3.5.4. Differential Abundance Analysis

At the end of the diet intervention, we observed 16 (8 male; 8 female) differentially abundant genera between HF and control mice (Figure 11 and Figure 12). HF-fed mice had significantly enriched Clostridium (male: log2FC = 3.78; female: log2FC = 3.49) and reduced Anaerotruncus (male: log2FC = 3.33; female: log2FC = 4.40) compared to control mice. On the other hand, we observed 25 (12 male; 13 female) differentially abundant genera between HF and yoyo mice. HF-fed mice had significantly reduced Anaerotruncus (male: log2FC = −2.89; female: log2FC = −4.15), Bilophila (male: log2FC = −1.92; female: log2FC = −2.05), and Coprococcus (male: log2FC = −1.38; female: log2FC = −2.07) compared to yoyo mice. Additionally, there were six (two male; four female) differentially abundant genera between yoyo and control mice. Male yoyo mice had significantly reduced Prevotella (see Supplementary Materials for details on this classification) (log2FC = −25.8) and Lactobacillus (log2FC = −3.1) (Figure 11), while female yoyo mice had significantly reduced Anaeroplasma (log2FC = −20.9) and Bacteroides (log2FC = −3.4), but enriched Clostridium (log2FC = 3.7) and Bifidobacterium (log2FC = 12.8), compared to control mice (Figure 12).
Supplementation with RS in a control diet (control RS) resulted in 16 (5 male; 11 female) differentially abundant genera in comparison with a control diet only, particularly markedly increased Parabacteroides (male: log2FC = 4.31; female: log2FC = 3.16), Bifidobacterium (male: log2FC = 5.03 [female: log2FC = 16.16), and Desulfovibrio (male: log2FC = 9.32; female: log2FC = 6.31). Similarly, RS supplementation in an HF diet (HF RS) resulted in 30 (19 male; 11 female) differentially abundant genera compared to an HF diet alone, particularly enriched Parabacteroides (male: log2FC = 3.46; female: log2FC = 2.99) and Bifidobacterium (male: log2FC = 6.16; female: log2FC = 5.47) (Figure 11 and Figure 12).
In males, RS supplementation in the second phase of the yoyo diet (yoyo RS) resulted in 15 differentially abundant genera (Figure 11 and Figure 12). In particular, yoyo RS mice had enriched Parabacteroides (log2FC = 5.08), Bifidobacterium (log2FC = 12.35), Desulfovibrio (log2FC = 9.46), Lactobacillus (log2FC = 5.09), and Adlercreutzia (log2FC = 3.71) but reduced Ruminococcus (log2FC = −1.12) compared to yoyo mice. Interestingly, at the end of the dietary intervention, we only observed three differentially abundant genera in yoyo RS mice compared to yoyo mice, including Prevotella (log2FC = 26.63), Anaeroplasma (log2FC = −22.18), and Adlercreutzia log2FC = 4.02) (Figure 11).
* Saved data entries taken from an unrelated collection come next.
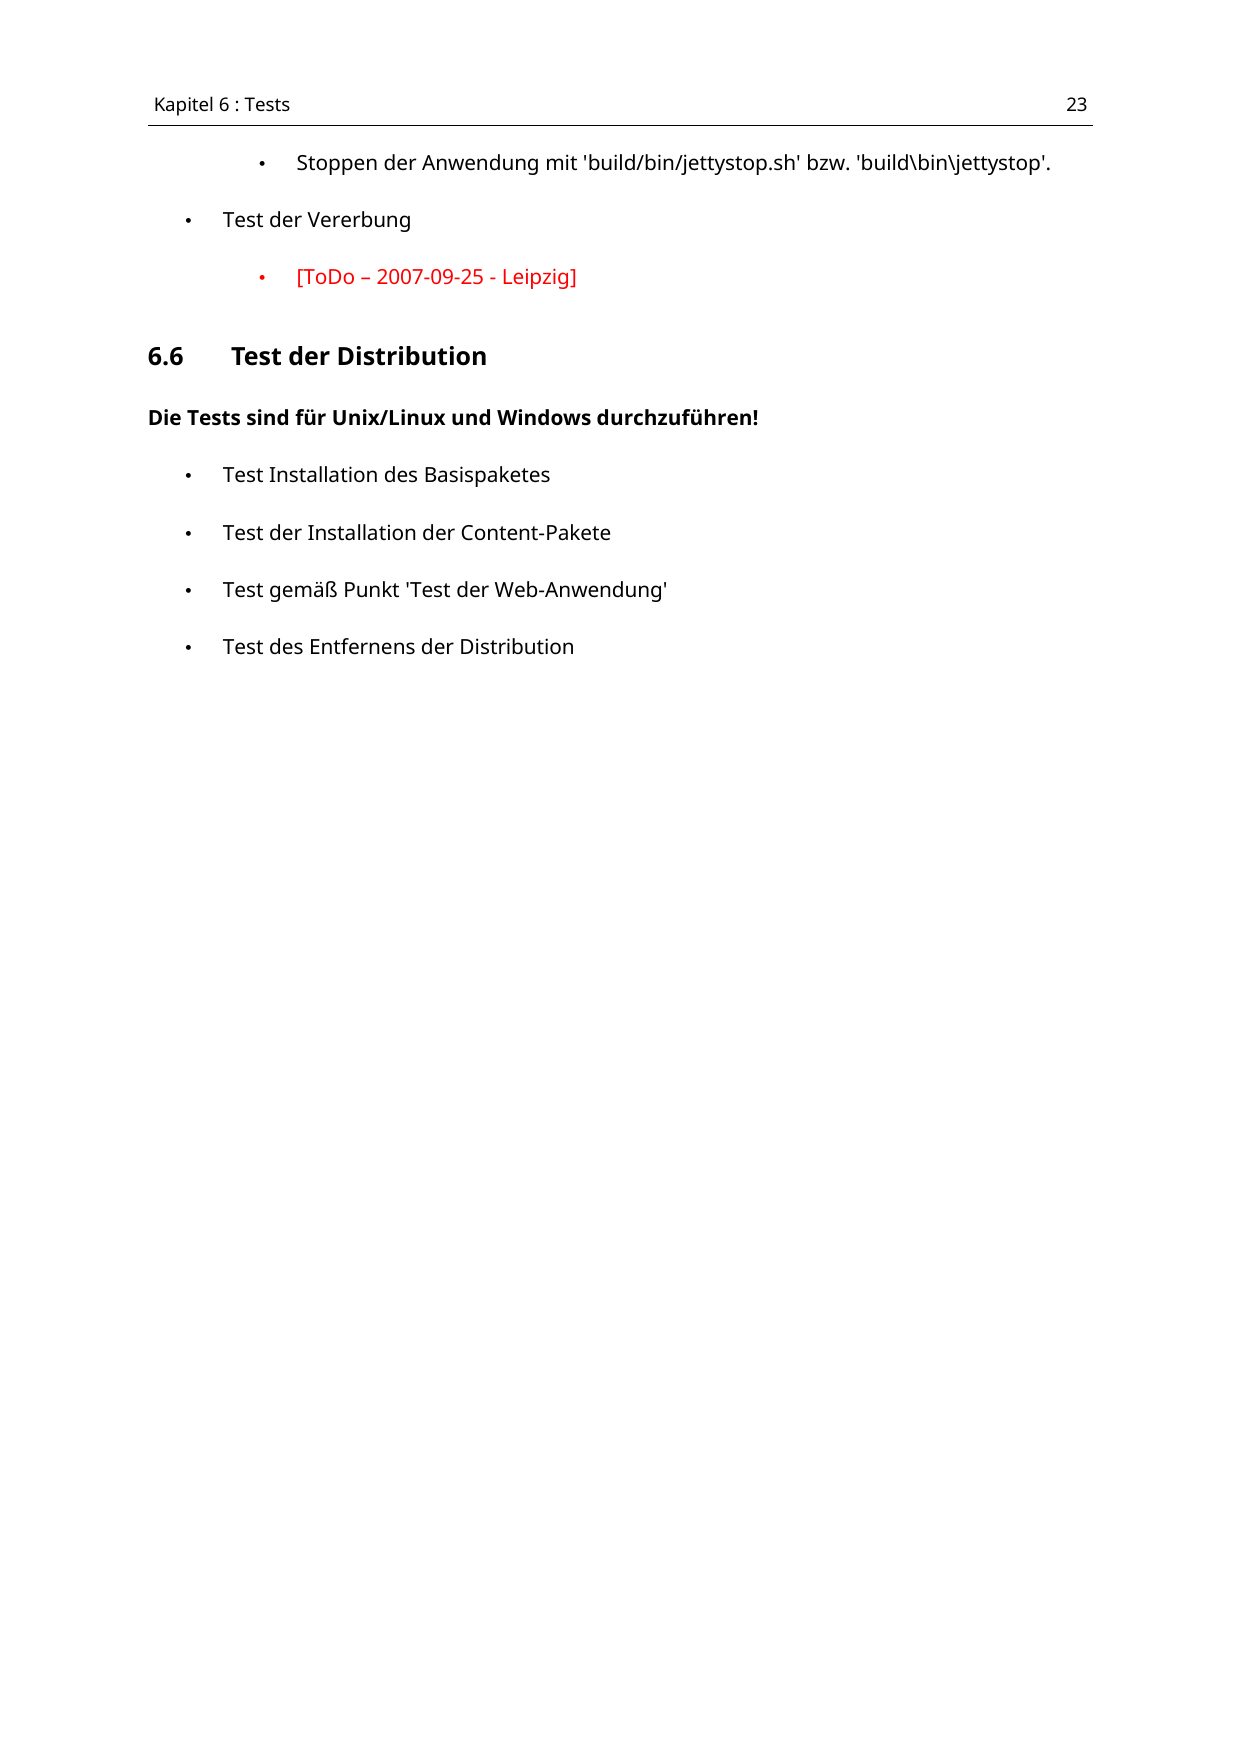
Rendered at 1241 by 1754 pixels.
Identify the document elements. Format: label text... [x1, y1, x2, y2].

list [ToDo – 2007-09-25 - Leipzig] [259, 262, 1069, 291]
text Die Tests sind für Unix/Linux und Windows durchzuführen! [148, 403, 1069, 431]
list Test gemäß Punkt 'Test der Web-Anwendung' [185, 575, 1069, 603]
list Test Installation des Basispaketes [185, 460, 1069, 488]
list Test der Installation der Content-Pakete [185, 518, 1069, 546]
list Stoppen der Anwendung mit 'build/bin/jettystop.sh' bzw. 'build\bin\jettystop'. [259, 148, 1069, 176]
list Test der Vererbung [185, 205, 1069, 233]
list Test des Entfernens der Distribution [185, 632, 1069, 661]
subtitle Test der Distribution [148, 339, 1092, 373]

On the other hand, in female mice, we observed 11 differentially abundant genera between yoyo RS and yoyo mice. Particularly, yoyo RS mice had significantly enriched Bifidobacterium (log2FC = 6.15), Parabacteroides (log2FC = 5.33), and Bacteroides (log2FC = 3.31) but reduced Desulfovibrio (log2FC = −6.32) and Dorea (log2FC = −2.93) compared to yoyo mice (Figure 12).
In order to explore which genera may have accounted for the shift in beta diversity closer to the control state of male yoyo RS mice, we observed nine differentially abundant genera. At the end of the dietary intervention, compared to the second phase of HF feeding with RS supplementation, yoyo RS mice exhibited significantly enriched Ruminococcus (also known as Mediterraneibacter, refer to Supplementary Materials for more details) (log2FC = 1.67) and significantly reduced Parabacteroides (log2FC = −3.90), Bifidobacterium (log2FC = −6.79), Desulfovibrio (log2FC = −9.64), and Lactobacillus (log2FC = −4.74) (Figure 11).

4. Discussion

Relatively few studies have evaluated the effect of yoyo dieting and RS supplementation on metabolic and gut health. The present study revealed that yoyo dieting is both beneficial and detrimental to metabolic health, with the gut microbiome composition remaining in an intermediate state of dysbiosis. We also showed the beneficial effects of RS supplementation in improving metabolic outcomes, in addition to reshaping the gut microbiome.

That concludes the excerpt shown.